* **TASK GOAL**
Below are the records; give again exactly the lines from the one containing "Convert code to" through the one containing "When the provided", leaving out pictures.

-----

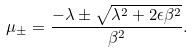<formula> <loc_0><loc_0><loc_500><loc_500>\mu _ { \pm } = \frac { - \lambda \pm \sqrt { \lambda ^ { 2 } + 2 \epsilon \beta ^ { 2 } } } { \beta ^ { 2 } } .</formula> 
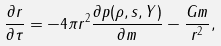Convert formula to latex. <formula><loc_0><loc_0><loc_500><loc_500>\frac { \partial r } { \partial \tau } = - 4 \pi r ^ { 2 } \frac { \partial p ( \rho , s , Y ) } { \partial m } - \frac { G m } { r ^ { 2 } } ,</formula> 
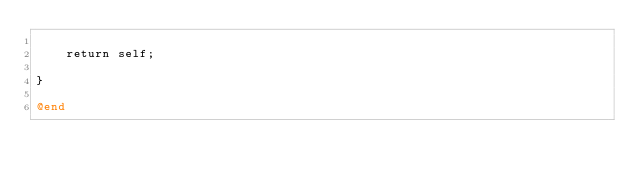Convert code to text. <code><loc_0><loc_0><loc_500><loc_500><_ObjectiveC_>    
    return self;
    
}

@end
</code> 
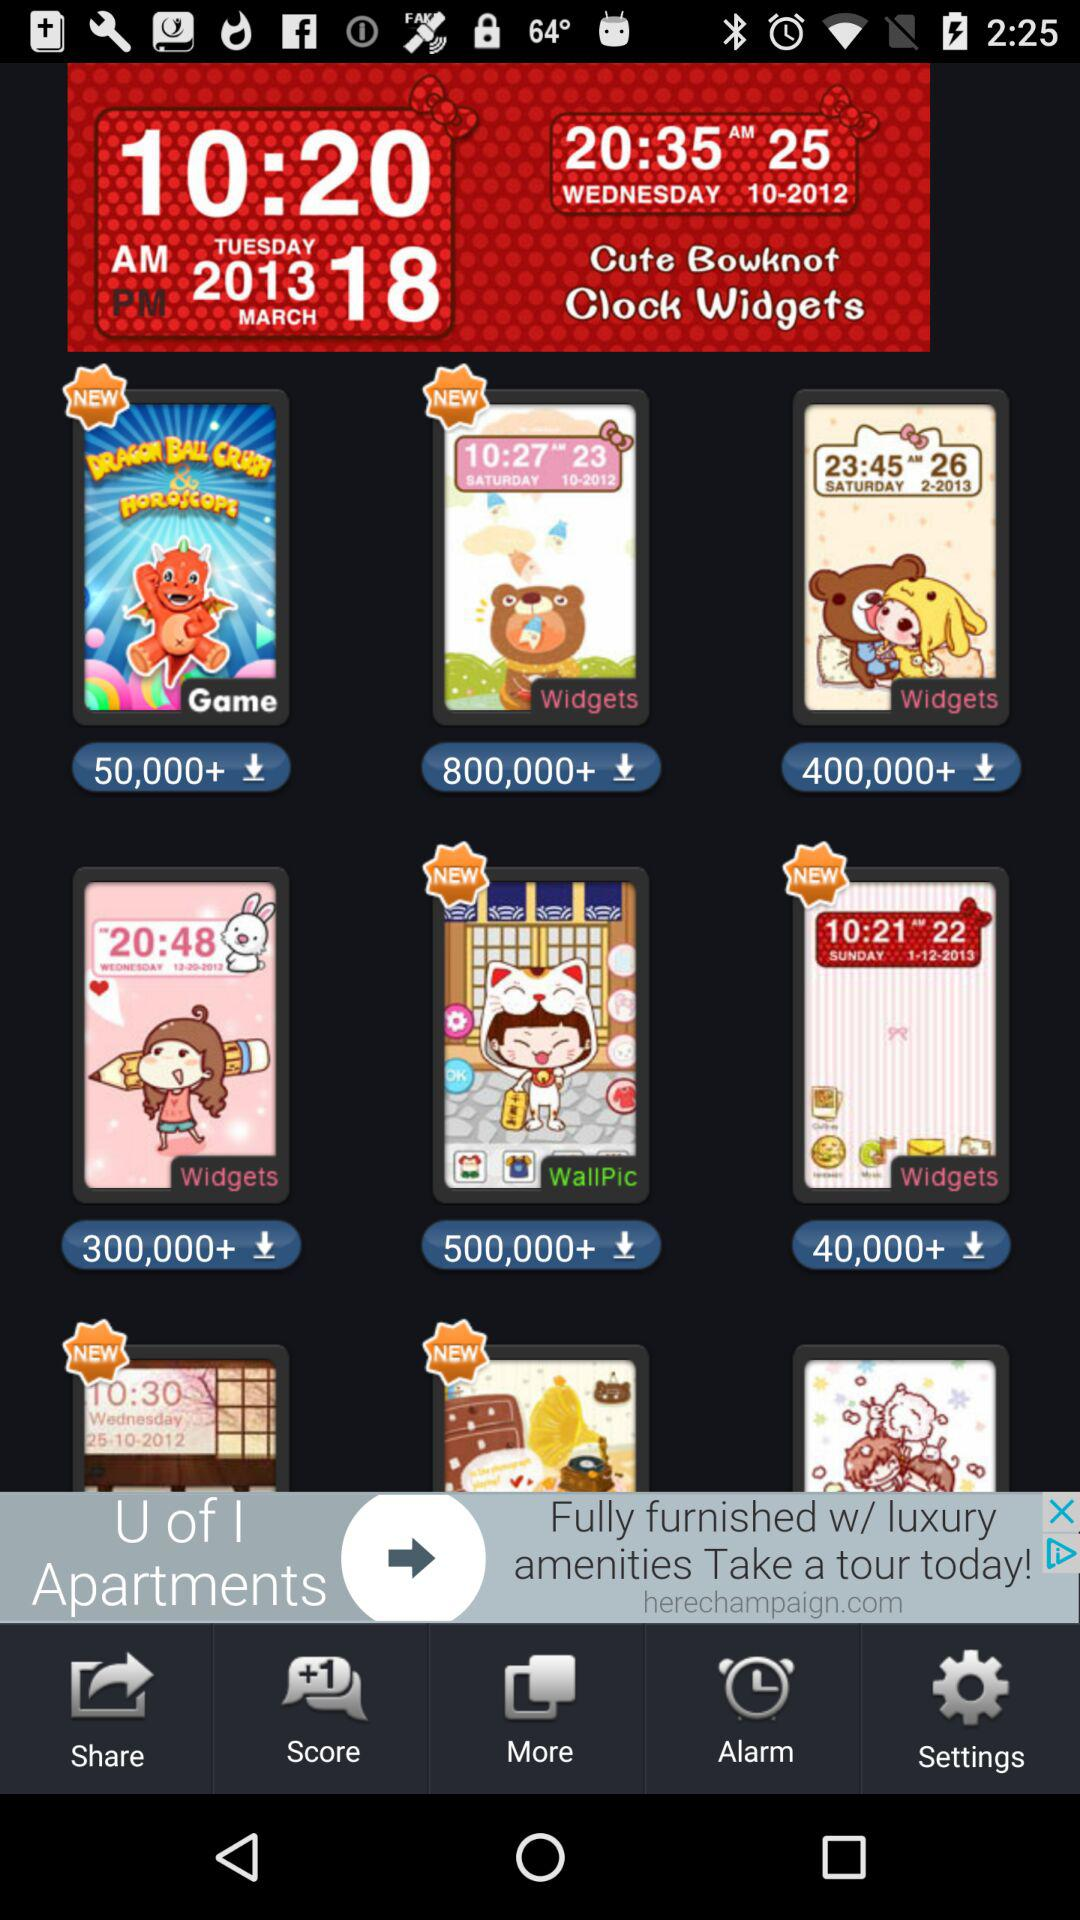What is the given date and time?
When the provided information is insufficient, respond with <no answer>. <no answer> 
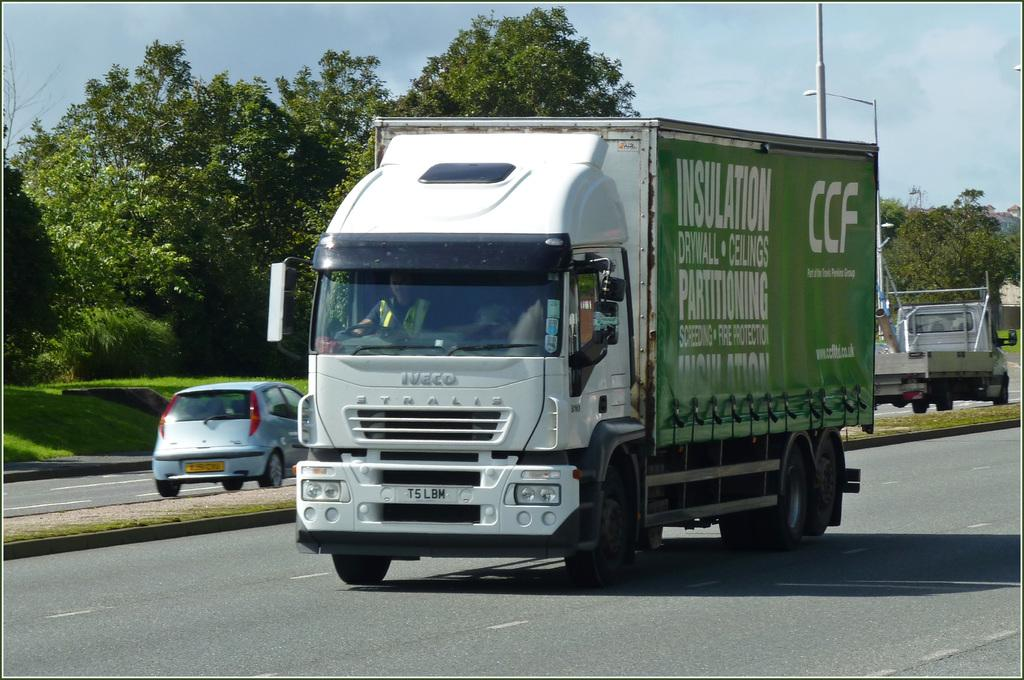What is happening on the road in the image? There are vehicles on the road in the image. Can you describe the person in the image? There is a person in the image. What can be seen in the background of the image? There are trees and the sky visible in the background of the image. What type of sack is being used for the coal discussion in the image? There is no sack or coal discussion present in the image. How many coal pieces are visible in the image? There are no coal pieces present in the image.

-----

* **EXPECTED ANSWER**
Convert code to text. <code><loc_0><loc_0><loc_500><loc_500><_ObjectiveC_>    
    return self;
    
}

@end
</code> 
What is the given date and time?
When the provided information is insufficient, respond with <no answer>. <no answer> 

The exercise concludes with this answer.